Speilberg passed on the project because he didn't want to dishonour Holocaust survivors, but encouraged Menno Meyjes to follow through on his screenplay.  John Cusack was an associate producer and he gave up his salary to help the project along.





I enjoyed the depictions of the art scene, and Hitler's distase for the decadence within that arena was well displayed, with his bitterness and all, shining bright due to Noah Taylor's ranting spit flying oratory skills.  Seeing Hitler getting trained in the art of propaganda was a nice touch too, and a good way to show that Hitler was a man of his time.  His racist beliefs weren't of his own creation, hatred of Jews and Gypsies and "lower" classes, were commonplace and everywhere, and still are. The Nazis were simply very effective at harnessing and channelling that powerfully destructive and ugly reality.  Sexism, racism, ethnic cleansing, war, othering....it's not like we've come a long way, baby! really very much at all when we consider the big picture.

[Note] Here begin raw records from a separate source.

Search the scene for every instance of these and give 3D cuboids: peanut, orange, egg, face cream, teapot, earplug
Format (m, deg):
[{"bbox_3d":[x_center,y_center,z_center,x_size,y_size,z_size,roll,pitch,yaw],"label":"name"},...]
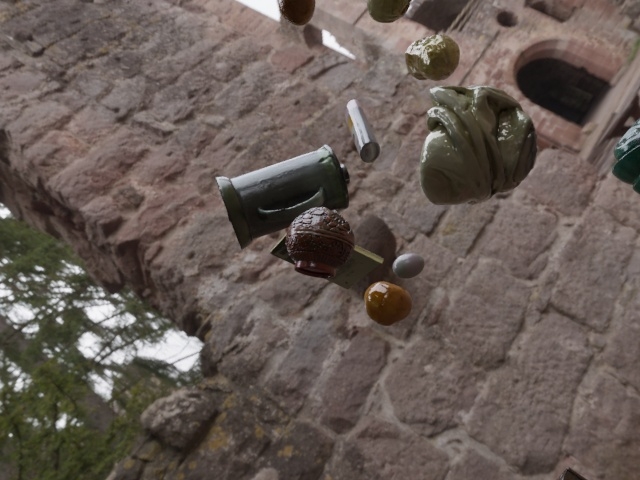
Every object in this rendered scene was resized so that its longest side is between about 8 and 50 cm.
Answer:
[{"bbox_3d":[0.356,-0.586,1.594,0.146,0.147,0.305,-61,19,11],"label":"peanut"},{"bbox_3d":[-0.047,-0.483,1.008,0.085,0.085,0.085,-51,-16,-22],"label":"orange"},{"bbox_3d":[0.367,0.105,2.043,0.135,0.103,0.103,-19,-19,0],"label":"egg"},{"bbox_3d":[0.145,-0.390,1.752,0.107,0.073,0.269,94,167,-46],"label":"face cream"},{"bbox_3d":[-0.078,-0.115,1.270,0.337,0.270,0.200,-20,-69,-9],"label":"teapot"},{"bbox_3d":[0.908,-0.236,1.314,0.258,0.280,0.164,-12,-24,-2],"label":"earplug"},{"bbox_3d":[0.215,0.206,1.581,0.136,0.159,0.159,-67,-15,0],"label":"orange"}]

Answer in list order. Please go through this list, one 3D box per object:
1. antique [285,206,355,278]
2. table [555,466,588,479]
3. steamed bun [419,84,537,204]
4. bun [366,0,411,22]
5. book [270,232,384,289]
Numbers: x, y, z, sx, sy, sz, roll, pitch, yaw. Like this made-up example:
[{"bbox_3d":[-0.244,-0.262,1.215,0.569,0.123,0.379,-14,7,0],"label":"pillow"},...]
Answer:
[{"bbox_3d":[0.000,0.000,0.700,0.104,0.104,0.104,-51,-16,-22],"label":"antique"},{"bbox_3d":[0.510,0.616,0.981,0.193,0.173,0.169,-33,-35,-38],"label":"table"},{"bbox_3d":[0.351,-0.198,1.052,0.280,0.207,0.267,-20,-66,-51],"label":"steamed bun"},{"bbox_3d":[0.258,-0.824,1.658,0.222,0.127,0.222,-41,-12,-11],"label":"bun"},{"bbox_3d":[0.015,0.049,1.465,0.201,0.290,0.026,-44,27,46],"label":"book"}]

There's a great scene where Max puts on a performance piece about war - very avante garde dadaesque speechifying about propaganda against a backdrop of a giant meat grinder.  Max lost his arm in WWI, and his fake arm puppet floats into the grinder and the piece ends with him seemingly slowly sinking into the grinder, while red clay oozes out the front through the grinder holes.  Meat for the war machine.  Hitler is incensed.  Disgusting!! he shrieks and stomps out.

Best line? c'mon Hitler! I'll buy you a lemonade!

The movie pushed buttons for me.  On the one hand it's an interesting what if story, but it's about HITLER and it's all fictional bullshit!  On a metaphorical level there is some truth but I kept bumping up against the fact that really it's lies, lies, lies.   And it's so melodramatic too, with an OMG so stupid tragic ending.  Puhleez.  I did like the political machinations shown.  Even though I believe that it's inevitable that current knowledge of political realities inform interpretations of the past, what is shown is still very interesting. The movie highlights the development of propaganda in support of wedge politics, where hatred of one group is used to consolidate and leverage political power.  It's still a very valid strategy, but one that has become more nuanced and less overt.  Code words are used now and it's more based on class divisions than racial ones.  Though ethnic and cultural divisions are strong still too.  Just goes to show you , that we've still got a long way to go, baby!